Tuesday’s meeting brought together CIA Director William J. Burns, Mossad Director David Barnea and Qatari Prime Minister Mohammed bin Abdulrahman al-Thani, who has acted as intermediary with Hamas leaders based in Doha.
The structure of Tuesday’s talks was the same as the Nov. 8 meeting in Doha that produced the breakthrough that led to the hostage releases that began over the weekend and have now freed a total of 61 Israeli captives, including dual nationals, and 150 Palestinians. As before, the Qataris asked Hamas to explain its parameters for release and then shared those with the Mossad representative, who detailed Israel’s requirements.
The negotiators agreed on five categories of Israeli hostages for future releases, the knowledgeable source said. The five groups are: men too old for reserve military duty, female soldiers, male reservists, active-duty male soldiers, and the bodies of Israelis who died before or during captivity. The total is well over 100, but the source said he couldn’t provide a precise number as yet.

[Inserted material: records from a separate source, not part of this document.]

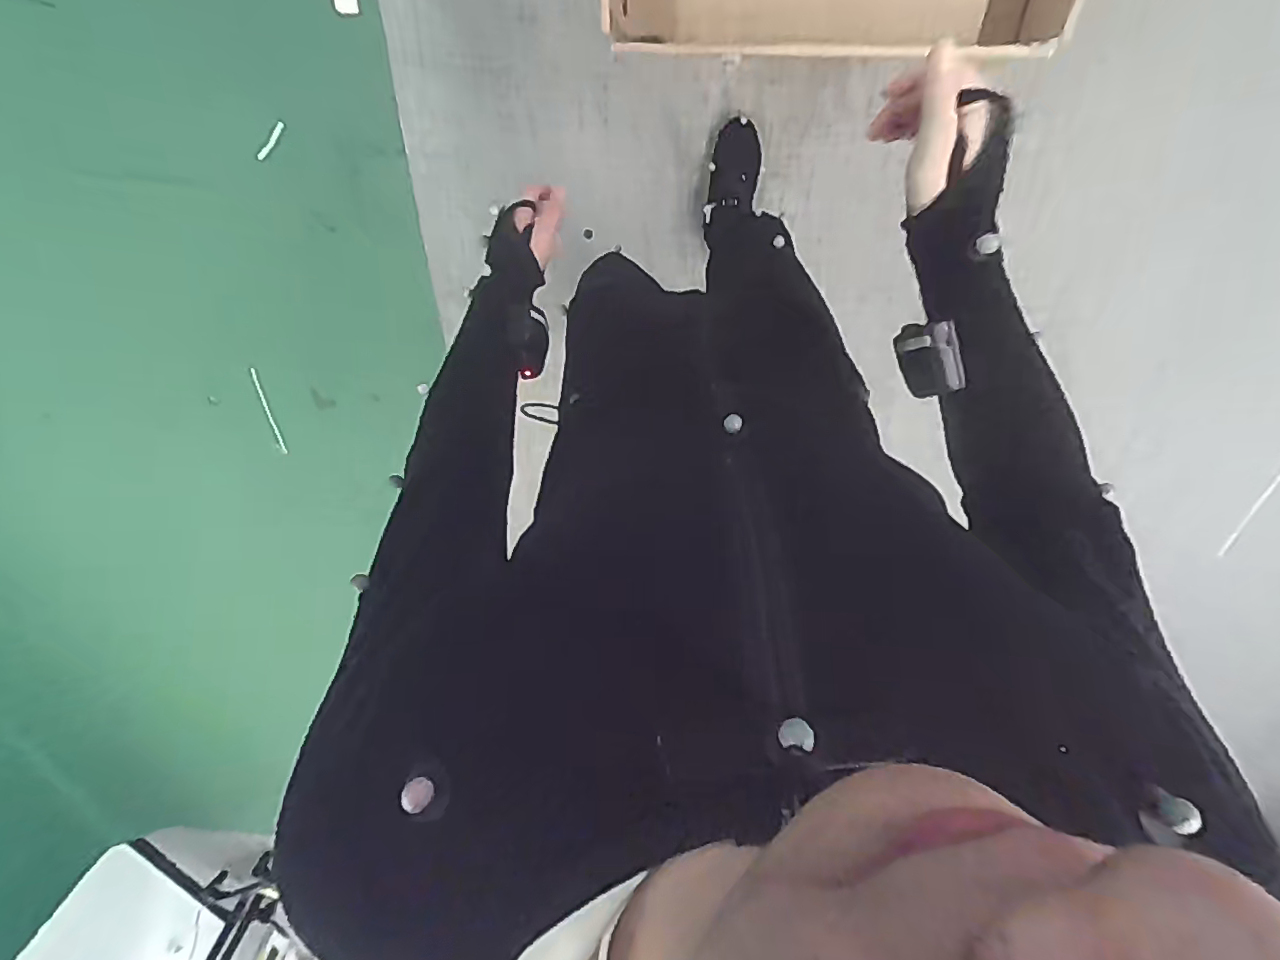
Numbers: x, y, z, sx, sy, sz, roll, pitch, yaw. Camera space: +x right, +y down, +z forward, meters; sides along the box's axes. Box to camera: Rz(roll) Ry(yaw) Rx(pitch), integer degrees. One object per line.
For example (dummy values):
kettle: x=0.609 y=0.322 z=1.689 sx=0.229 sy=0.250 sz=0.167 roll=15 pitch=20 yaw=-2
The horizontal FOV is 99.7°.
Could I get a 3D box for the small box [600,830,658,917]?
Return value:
small box: x=-0.028 y=1.227 z=1.688 sx=0.168 sy=0.176 sz=0.179 roll=0 pitch=124 yaw=4

Hamas has expressed “willingness to negotiate on all five categories,” the source said. He added that parameters of the exchange — such as how many Gaza captives would be freed each day, how many Palestinian prisoners would be exchanged for each Israeli, and how much humanitarian assistance would be sent into Gaza — haven’t been worked out.
The remaining hostages are spread among different groups, in addition to Hamas. Some are held by Palestinian Islamic Jihad, which, like Hamas, is an Iran-backed faction. But some are held by small militant groups that are little more than gangster families. Hamas has told the Qataris that they are “confident they can get everyone,” the source said, even though they are scattered.

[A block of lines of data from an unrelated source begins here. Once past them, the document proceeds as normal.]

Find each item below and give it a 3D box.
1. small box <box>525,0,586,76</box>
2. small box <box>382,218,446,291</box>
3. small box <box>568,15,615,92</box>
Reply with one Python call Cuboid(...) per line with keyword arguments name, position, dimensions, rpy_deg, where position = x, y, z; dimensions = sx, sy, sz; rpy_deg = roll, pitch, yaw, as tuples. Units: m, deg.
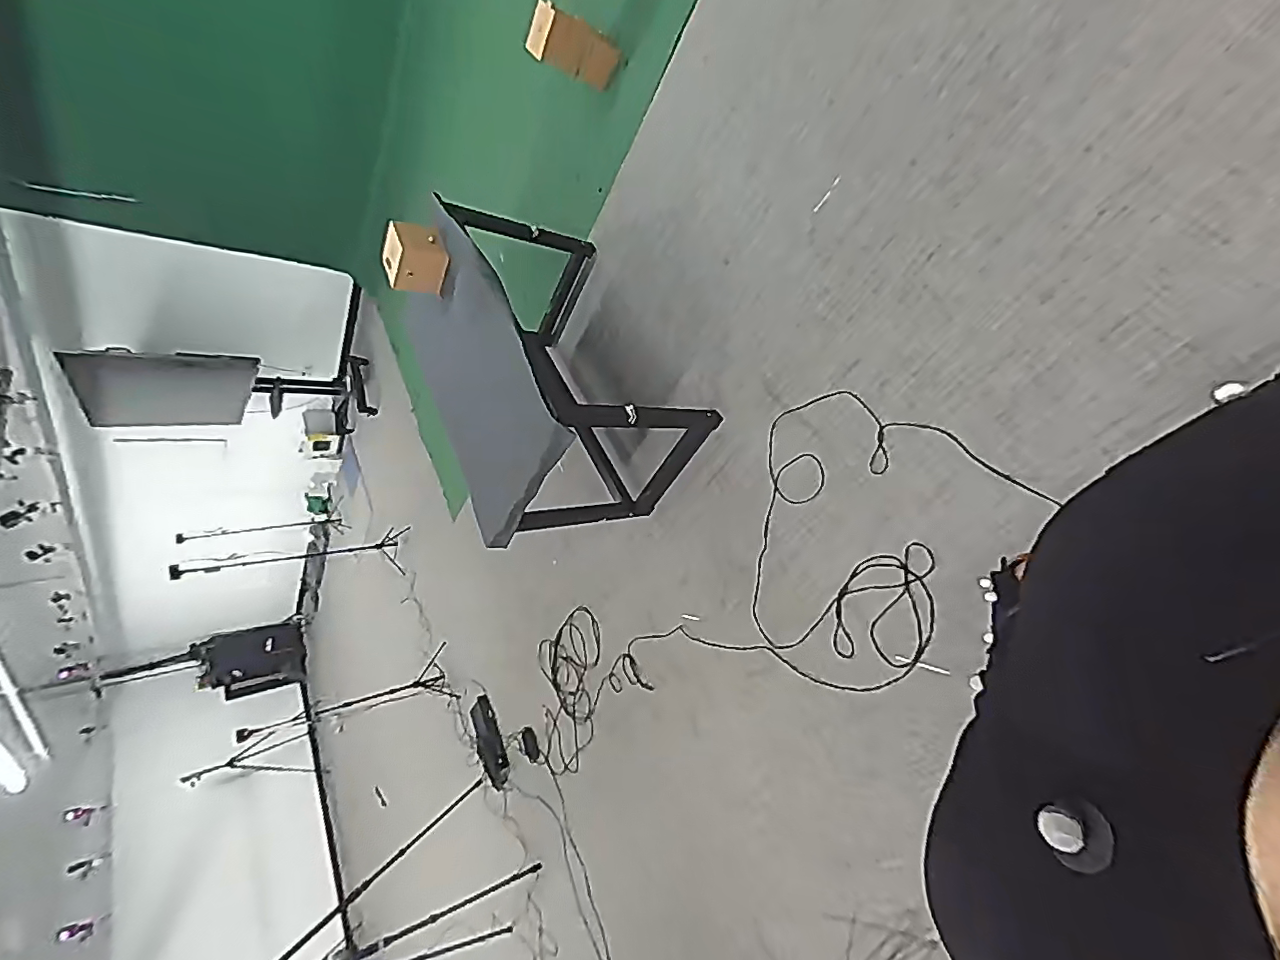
Cuboid(name="small box", position=(-0.343, -1.815, 2.218), dimensions=(0.168, 0.176, 0.179), rpy_deg=(58, 132, 29))
Cuboid(name="small box", position=(-0.829, -0.820, 1.984), dimensions=(0.179, 0.176, 0.168), rpy_deg=(-49, 58, 41))
Cuboid(name="small box", position=(-0.226, -1.833, 2.329), dimensions=(0.179, 0.176, 0.168), rpy_deg=(-47, 59, 40))

One grim problem is that while Hamas and Islamic Jihad held their hostages in tunnels, where they were relatively safe from bombing and bombardment, the smaller groups might have had their captives aboveground, where they were in greater danger. Hamas “is not sure who’s alive and who’s not,” the source said.

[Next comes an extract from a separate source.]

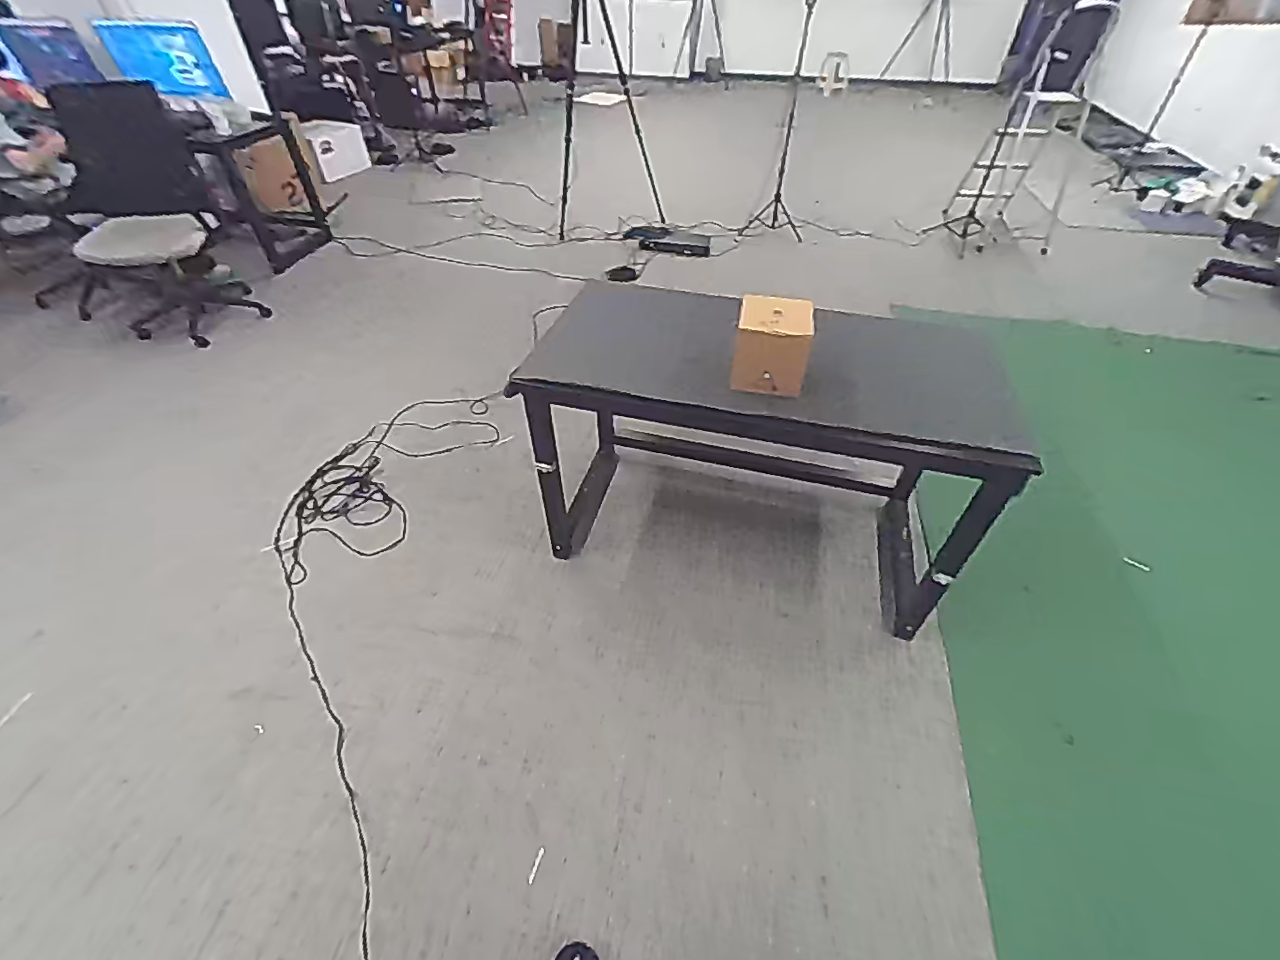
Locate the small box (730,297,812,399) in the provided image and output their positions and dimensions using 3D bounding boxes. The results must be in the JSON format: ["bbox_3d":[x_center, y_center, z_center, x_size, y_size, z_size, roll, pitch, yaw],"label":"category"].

If the hostage releases can continue — and extend to the military captives that Hamas prizes most — the negotiators will then inescapably have to confront the issue of whether fighting would resume after captives are freed.
This endgame will be the trickiest issue of all. Israel continues to say it will resume fighting until it has destroyed Hamas’s ability to rule Gaza. Hamas, for its part, wants to survive, physically and politically. It’s hard to see the space for compromise on these questions, which both sides see as existential.
But the hostage release process has defied expectations so far, and that may continue. The key has been the step-by-step confidence building adopted by the Qatari mediators. At first, none of the negotiators was sure that Hamas would keep its word or even that the political leaders could negotiate with the military wing hidden in tunnels.
But those big hurdles were overcome. The many small details that negotiators feared would derail the talks were resolved, too.
For the Biden administration, which has been struggling to contain the political fallout of the Gaza war in the United States and abroad, the hostage-release process has been the one unalloyed success. Officials will be pleased that it seems to be continuing — but the vexing question of how this war ends becomes more important every day.